Avant de passer plus loin, nous dirons un mot des missions, objet principal alors, pour une grande partie des Français qui demeuraient dans ce pays, ou qui y avaient des relations. Pendant que les PP. Jérôme Lallemant, de Brébeuf, et autres, faisaient tous les efforts possibles pour convertir au christianisme les Hurons, les Algonquins et les Outaouais, les PP. Turcis, Perrault, Lionnes, travaillaient dans le même but, chez les tribus de Sauvages des environs du golfe de Saint-Laurent, désignés alors sous le nom de Gaspésiens, à cause de la baie de Gaspé, où la plupart des vaisseaux qui fréquentaient ces parages venaient jetter l’ancre. Il y avait aussi une mission à Tadousac, lieu plus fréquenté qu’aucun autre par les Montagnais et autres Sauvages du nord. Ils arrivaient, quelquefois tous ensemble, et quelquefois, les uns après les autres ; mais à l’exception d’un petit nombre, aussitôt la traite faite, ils s’en retournaient chez eux, ou plutôt, se dispersaient dans les montagnes et les forêts. Plus tard, les jésuites allèrent au-devant de ces Sauvages jusqu’à Chicoutimi, sur le Saguenay, où ces pères eurent un établissement considérable et en très bon état. Outre les Algonquins, un nombre assez considérable de Sauvages des tribus les plus reculées vers le nord, commençaient à prendre l’habitude de venir passer presque toute la belle saison dans les environs des Trois-Rivières ; mais comme ils s’en retournaient dans leur pays, aux approches de l’hiver, les missionnaires ne parvenaient que difficilement à les instruire assez pour en faire des néophytes.
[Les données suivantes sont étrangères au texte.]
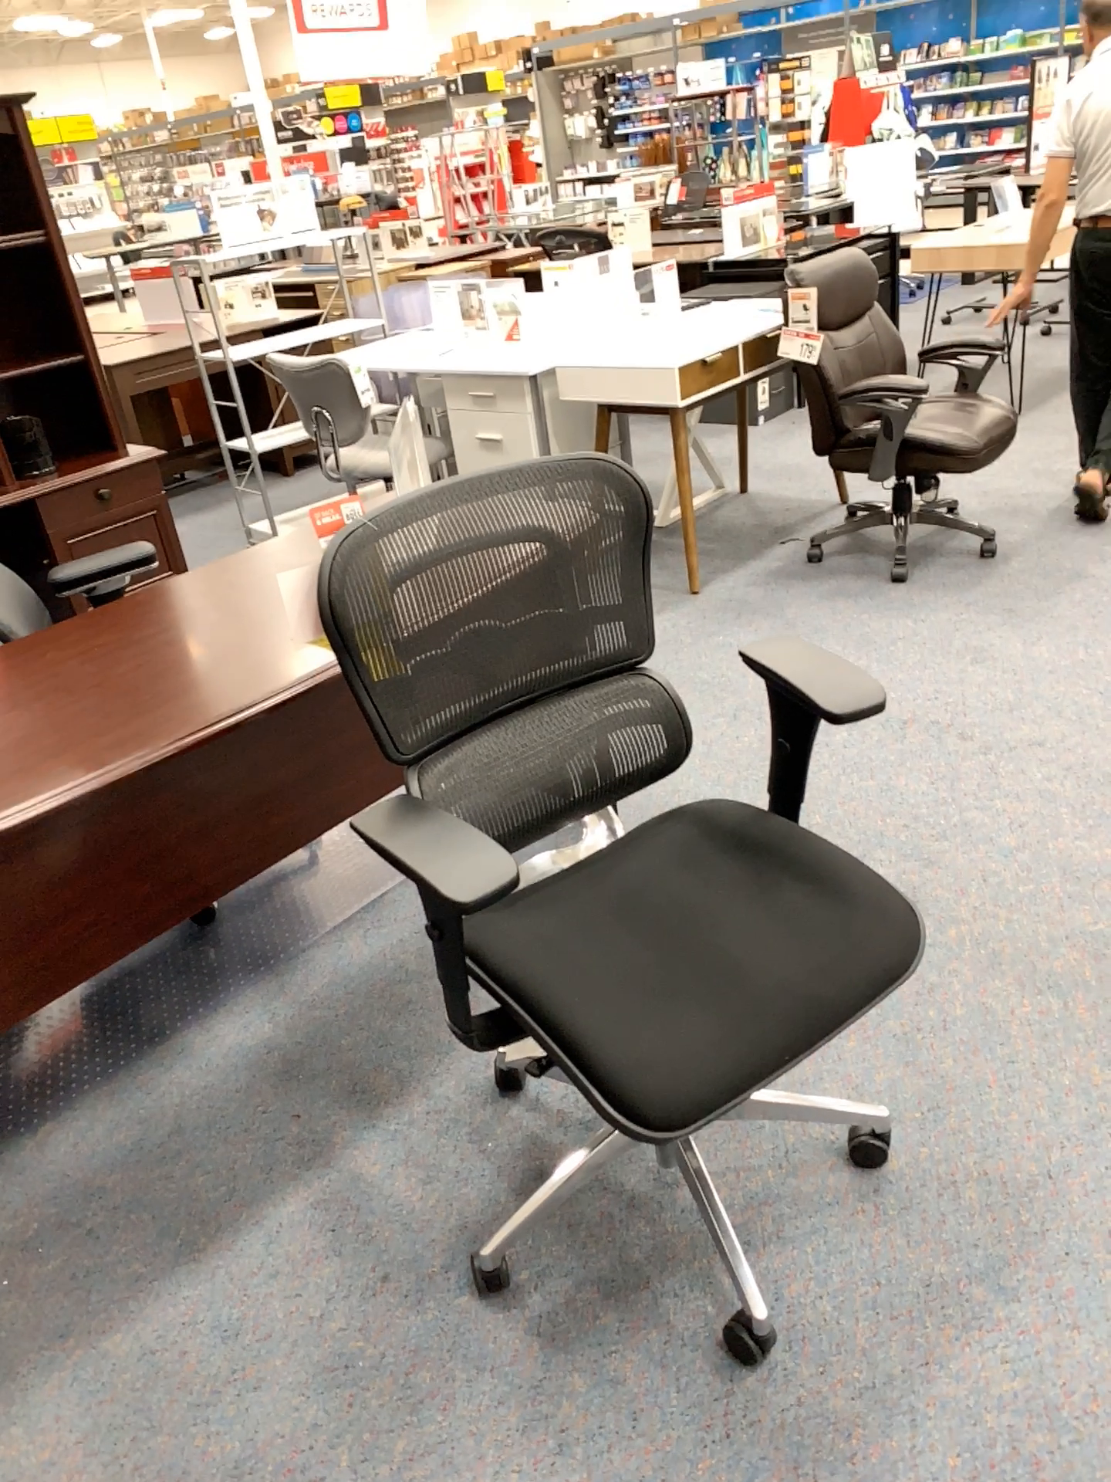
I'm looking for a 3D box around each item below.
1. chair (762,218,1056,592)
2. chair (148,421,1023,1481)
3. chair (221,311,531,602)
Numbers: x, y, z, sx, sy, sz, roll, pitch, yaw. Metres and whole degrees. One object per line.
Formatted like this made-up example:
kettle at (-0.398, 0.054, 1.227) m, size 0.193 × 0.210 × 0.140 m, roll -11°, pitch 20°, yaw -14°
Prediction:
chair at (1.132, -1.081, 3.585) m, size 0.616 × 0.913 × 0.819 m, roll 11°, pitch 34°, yaw 33°
chair at (0.072, 0.194, 1.480) m, size 0.698 × 0.983 × 0.687 m, roll -27°, pitch 33°, yaw -31°
chair at (-0.631, -1.067, 4.118) m, size 0.709 × 0.824 × 0.675 m, roll 18°, pitch 38°, yaw 40°

Montréal n’existait pas encore : M. de Champlain avait bien compris de quelle importance il serait d’occuper et de fortifier l’île de ce nom ; mais la compagnie de la Nouvelle France n’était pas entrée dans ses vues, et il fallut que ce fussent des particuliers qui se chargeassent de l’exécution de ce projet ; mais ils le firent plutôt dans des vues de religion et de piété que par des motifs d’intérêt ou de politique. Des personnes puissantes, tant ecclésiastiques que laïcs, et animées d’une dévotion et d’un zèle religieux peu commun, même dans ce temps-là, s’associèrent sous le nom de « Compagnie de Montréal, pour le soutien de la religion catholique en Canada, et la conversion des Sauvages. » Suivant le plan de cette nouvelle compagnie, il devait y avoir, dans l’île de Montréal, une ville, ou plutôt, une bourgade française bien fortifiée et à l’abri de toute insulte : les pauvres devaient y être reçus et mis en état de subsister de leur travail : l’on proposait de faire occuper le reste de l’île par des Sauvages, de quelque tribu que ce fût, pourvu qu’ils fussent chrétiens, ou voulussent le devenir.[2]L’an 1640 en vertu de la concession que le roi venait de lui faire de l’île, la compagnie en fit prendre possession, à l’issue d’une messe solennelle, qui fut célébrée sous une tente. L’année suivante, le sieur Chaumeday de Maison-Neuve, un des associés, y amena plusieurs familles de France. N’étant arrivé à Québec qu’au mois de septembre, il jugea que la saison était trop avancée pour entreprendre de se rendre de suite dans l’île de Montréal, où il n’y avait pas encore d’habitation, et se contenta d’y envoyer quelques défricheurs, afin d’y préparer une place de débarquement pour le printemps suivant. Le débarquement se fit le 17 mai 1642, sur la pointe nommée depuis Pointe-à-Callières, en présence du supérieur général des jésuites et de M. de Montmagny, qui avait bien voulu accompagner M. de Maison-Neuve, quoiqu’il se fût d’abord montré opposé à l’établissement de Montréal, et eût fort sollicité les nouveau-venus de se fixer plutôt dans l’île d’Orléans, alors encore entièrement inculte. Le supérieur des jésuites célébra aussitôt la messe, dans une petite chapelle, qui avait été bâtie pour cette fin.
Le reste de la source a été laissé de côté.